-- Work task --
Using the entries that follow, transcribe only the lines from the line with "3) toy kitchen set (237, 187, 329, 301)" to the line with "0.2 and 6 m.", both included, exactly as they stand and without pictures.

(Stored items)

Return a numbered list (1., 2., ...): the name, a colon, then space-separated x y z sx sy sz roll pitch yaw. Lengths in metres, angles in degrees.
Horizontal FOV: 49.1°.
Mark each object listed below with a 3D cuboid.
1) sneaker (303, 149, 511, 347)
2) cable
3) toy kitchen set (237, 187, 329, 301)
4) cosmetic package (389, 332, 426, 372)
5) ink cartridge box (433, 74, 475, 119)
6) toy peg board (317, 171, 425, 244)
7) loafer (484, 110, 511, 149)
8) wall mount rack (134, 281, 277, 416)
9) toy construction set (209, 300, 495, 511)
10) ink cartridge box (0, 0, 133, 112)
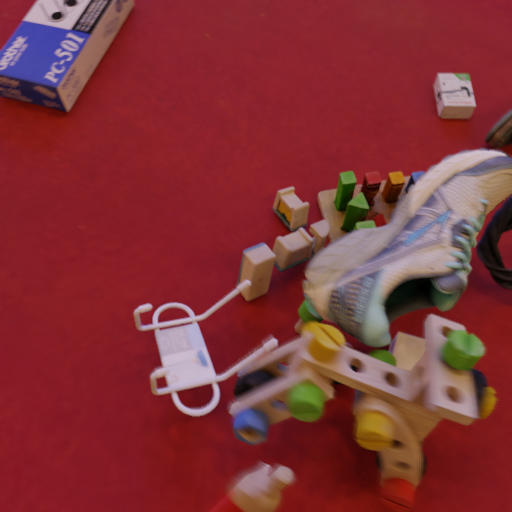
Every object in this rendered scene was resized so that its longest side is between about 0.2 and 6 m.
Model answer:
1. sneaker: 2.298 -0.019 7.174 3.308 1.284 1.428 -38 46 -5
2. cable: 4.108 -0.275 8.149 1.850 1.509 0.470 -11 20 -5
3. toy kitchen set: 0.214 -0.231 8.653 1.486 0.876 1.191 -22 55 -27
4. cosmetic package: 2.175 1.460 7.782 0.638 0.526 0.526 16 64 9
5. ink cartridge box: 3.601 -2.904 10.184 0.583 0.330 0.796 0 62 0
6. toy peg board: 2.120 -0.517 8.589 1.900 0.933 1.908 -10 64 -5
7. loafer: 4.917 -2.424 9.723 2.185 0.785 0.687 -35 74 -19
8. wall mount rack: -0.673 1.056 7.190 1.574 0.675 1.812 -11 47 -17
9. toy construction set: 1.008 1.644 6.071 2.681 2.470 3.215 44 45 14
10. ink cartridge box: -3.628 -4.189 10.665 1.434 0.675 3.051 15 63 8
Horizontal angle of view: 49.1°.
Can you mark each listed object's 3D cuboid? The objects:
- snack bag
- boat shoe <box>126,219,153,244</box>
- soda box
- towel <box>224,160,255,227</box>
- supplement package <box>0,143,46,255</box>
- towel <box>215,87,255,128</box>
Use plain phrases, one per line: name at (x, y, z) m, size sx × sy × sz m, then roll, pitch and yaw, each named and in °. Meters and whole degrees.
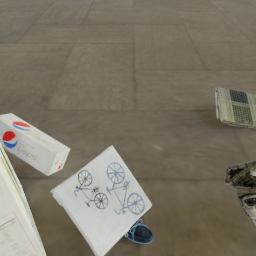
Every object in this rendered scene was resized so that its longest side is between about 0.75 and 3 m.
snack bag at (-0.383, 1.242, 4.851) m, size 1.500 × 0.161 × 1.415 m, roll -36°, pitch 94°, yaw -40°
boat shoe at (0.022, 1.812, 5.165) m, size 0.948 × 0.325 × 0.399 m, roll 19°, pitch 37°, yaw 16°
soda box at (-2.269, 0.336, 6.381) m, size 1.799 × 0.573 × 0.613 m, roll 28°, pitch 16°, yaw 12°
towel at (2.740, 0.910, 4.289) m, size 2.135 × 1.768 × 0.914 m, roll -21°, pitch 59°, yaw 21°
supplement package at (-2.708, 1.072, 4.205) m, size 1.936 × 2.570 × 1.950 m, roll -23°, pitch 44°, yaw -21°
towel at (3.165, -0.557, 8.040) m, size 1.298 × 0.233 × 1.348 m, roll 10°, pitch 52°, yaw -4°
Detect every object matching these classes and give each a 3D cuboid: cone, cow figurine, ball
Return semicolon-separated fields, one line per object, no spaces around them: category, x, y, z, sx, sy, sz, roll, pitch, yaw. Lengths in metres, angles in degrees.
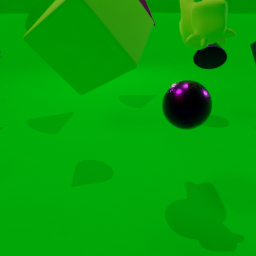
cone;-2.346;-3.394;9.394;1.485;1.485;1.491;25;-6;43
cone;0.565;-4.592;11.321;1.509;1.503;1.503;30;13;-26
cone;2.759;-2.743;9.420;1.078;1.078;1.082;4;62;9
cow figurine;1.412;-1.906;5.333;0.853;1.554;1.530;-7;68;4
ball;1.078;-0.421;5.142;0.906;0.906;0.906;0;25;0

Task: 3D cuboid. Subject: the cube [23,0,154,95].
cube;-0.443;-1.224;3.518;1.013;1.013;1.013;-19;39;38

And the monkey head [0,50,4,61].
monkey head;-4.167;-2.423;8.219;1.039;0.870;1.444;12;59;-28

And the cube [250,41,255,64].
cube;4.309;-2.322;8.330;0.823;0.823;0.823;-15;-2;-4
* * *
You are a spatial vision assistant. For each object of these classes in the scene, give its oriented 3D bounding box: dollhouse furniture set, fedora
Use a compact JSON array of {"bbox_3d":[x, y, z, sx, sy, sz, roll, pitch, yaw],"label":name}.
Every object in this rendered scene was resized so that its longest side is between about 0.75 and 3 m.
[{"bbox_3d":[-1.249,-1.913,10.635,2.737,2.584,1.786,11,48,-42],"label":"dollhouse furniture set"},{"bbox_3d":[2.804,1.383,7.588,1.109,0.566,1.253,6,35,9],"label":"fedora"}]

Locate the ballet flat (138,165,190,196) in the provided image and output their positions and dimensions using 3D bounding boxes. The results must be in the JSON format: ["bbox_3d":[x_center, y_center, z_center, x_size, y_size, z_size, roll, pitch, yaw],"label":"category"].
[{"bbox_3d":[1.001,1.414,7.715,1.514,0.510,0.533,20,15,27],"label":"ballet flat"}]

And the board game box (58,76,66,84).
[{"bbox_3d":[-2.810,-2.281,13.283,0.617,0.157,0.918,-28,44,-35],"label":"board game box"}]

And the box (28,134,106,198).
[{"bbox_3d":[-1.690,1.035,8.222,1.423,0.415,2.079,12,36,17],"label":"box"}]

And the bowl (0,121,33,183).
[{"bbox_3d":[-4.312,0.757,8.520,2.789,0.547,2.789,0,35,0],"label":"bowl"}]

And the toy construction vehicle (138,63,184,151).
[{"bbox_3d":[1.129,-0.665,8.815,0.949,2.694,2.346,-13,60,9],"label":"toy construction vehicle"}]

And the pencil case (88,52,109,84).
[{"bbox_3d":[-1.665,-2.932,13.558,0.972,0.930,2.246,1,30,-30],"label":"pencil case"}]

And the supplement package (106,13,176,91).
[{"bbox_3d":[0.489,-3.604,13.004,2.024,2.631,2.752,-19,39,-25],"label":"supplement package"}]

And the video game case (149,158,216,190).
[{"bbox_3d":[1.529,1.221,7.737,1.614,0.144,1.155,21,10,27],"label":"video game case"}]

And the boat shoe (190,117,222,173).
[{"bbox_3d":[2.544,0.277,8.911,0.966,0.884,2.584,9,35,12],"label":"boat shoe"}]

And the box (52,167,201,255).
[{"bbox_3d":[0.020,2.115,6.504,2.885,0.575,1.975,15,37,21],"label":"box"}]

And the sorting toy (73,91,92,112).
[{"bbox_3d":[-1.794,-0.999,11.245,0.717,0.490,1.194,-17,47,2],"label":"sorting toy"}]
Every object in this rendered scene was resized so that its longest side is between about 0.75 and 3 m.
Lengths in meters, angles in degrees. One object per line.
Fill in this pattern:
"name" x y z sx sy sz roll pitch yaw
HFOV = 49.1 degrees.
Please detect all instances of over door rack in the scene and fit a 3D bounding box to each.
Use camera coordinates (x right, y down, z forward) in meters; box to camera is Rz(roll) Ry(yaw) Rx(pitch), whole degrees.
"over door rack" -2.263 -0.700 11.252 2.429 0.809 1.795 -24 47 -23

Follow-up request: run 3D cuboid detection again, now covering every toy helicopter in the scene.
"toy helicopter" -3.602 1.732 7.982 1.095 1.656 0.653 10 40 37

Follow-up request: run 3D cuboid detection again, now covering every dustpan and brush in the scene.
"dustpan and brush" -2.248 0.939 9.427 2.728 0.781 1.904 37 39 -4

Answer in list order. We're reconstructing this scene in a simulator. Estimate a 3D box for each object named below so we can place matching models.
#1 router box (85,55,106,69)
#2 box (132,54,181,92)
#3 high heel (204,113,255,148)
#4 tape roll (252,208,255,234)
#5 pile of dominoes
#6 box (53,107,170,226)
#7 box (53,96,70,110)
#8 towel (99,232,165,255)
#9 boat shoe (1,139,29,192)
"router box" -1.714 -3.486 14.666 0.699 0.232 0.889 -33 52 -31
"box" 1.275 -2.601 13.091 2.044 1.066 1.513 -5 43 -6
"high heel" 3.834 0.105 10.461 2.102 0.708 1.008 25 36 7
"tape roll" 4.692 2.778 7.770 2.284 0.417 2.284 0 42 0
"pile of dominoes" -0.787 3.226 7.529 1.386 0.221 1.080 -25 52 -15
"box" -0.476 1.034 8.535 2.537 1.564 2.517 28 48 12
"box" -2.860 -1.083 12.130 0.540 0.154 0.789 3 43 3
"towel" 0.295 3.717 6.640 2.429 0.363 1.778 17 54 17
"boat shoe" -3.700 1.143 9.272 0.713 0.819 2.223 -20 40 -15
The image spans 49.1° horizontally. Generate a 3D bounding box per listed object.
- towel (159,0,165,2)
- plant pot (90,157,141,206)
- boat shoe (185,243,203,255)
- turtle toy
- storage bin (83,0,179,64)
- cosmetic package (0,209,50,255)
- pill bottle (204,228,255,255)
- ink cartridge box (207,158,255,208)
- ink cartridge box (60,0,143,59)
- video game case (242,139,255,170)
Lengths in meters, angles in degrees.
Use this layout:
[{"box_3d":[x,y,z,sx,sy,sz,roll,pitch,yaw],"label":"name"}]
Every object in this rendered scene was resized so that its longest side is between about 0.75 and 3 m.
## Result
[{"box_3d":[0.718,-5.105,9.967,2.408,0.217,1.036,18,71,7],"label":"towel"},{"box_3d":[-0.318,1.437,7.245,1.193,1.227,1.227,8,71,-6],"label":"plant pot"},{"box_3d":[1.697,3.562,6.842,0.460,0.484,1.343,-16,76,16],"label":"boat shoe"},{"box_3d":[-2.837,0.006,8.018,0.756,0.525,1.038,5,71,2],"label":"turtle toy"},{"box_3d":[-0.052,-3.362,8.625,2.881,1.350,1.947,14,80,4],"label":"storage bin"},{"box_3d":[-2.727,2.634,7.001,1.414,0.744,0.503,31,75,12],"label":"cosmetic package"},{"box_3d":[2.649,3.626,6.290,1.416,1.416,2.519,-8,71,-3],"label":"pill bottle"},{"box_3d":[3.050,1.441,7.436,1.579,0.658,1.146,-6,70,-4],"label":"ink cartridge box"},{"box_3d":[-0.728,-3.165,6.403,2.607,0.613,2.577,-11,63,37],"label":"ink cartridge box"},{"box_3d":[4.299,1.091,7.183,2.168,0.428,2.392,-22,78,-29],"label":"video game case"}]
...
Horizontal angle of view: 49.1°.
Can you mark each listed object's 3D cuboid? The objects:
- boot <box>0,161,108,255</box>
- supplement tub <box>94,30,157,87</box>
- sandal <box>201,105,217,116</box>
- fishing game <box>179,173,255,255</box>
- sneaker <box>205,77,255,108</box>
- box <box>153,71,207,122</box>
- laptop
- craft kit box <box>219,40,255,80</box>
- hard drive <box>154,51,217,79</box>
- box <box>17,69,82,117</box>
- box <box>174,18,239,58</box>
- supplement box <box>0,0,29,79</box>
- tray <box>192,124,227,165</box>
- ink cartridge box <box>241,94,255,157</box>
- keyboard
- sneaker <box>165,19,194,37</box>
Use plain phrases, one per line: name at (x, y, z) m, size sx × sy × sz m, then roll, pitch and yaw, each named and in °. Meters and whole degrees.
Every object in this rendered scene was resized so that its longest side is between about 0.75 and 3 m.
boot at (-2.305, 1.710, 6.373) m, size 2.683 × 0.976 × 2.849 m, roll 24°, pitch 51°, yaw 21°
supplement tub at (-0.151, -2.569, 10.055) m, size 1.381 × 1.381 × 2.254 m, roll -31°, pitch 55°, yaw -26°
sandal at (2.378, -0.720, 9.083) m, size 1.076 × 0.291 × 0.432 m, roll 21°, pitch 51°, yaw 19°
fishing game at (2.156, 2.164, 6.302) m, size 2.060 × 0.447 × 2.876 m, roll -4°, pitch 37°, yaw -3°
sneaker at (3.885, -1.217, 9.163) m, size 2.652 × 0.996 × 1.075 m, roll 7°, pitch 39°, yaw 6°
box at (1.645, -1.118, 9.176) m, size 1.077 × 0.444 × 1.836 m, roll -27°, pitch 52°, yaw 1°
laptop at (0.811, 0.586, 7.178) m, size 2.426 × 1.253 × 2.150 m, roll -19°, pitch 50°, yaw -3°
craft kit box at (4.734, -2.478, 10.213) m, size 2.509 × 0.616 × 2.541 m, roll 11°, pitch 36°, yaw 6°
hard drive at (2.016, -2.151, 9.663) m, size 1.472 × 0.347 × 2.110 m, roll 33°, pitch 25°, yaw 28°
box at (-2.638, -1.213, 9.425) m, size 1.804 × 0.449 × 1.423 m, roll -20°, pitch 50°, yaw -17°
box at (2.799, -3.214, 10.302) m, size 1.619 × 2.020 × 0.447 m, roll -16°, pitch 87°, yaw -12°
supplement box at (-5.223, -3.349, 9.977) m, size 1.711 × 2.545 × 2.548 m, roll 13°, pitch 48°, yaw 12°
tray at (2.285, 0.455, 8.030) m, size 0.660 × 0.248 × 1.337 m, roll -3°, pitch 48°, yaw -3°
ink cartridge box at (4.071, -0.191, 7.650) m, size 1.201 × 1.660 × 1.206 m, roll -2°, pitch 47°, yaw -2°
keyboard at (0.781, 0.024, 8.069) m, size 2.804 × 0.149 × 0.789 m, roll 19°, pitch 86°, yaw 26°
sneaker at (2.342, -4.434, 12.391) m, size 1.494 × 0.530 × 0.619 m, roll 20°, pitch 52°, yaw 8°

-- Task answer --
3) toy kitchen set (237, 187, 329, 301)
4) cosmetic package (389, 332, 426, 372)
5) ink cartridge box (433, 74, 475, 119)
6) toy peg board (317, 171, 425, 244)
7) loafer (484, 110, 511, 149)
8) wall mount rack (134, 281, 277, 416)
9) toy construction set (209, 300, 495, 511)
10) ink cartridge box (0, 0, 133, 112)
Every object in this rendered scene was resized so that its longest side is between about 0.2 and 6 m.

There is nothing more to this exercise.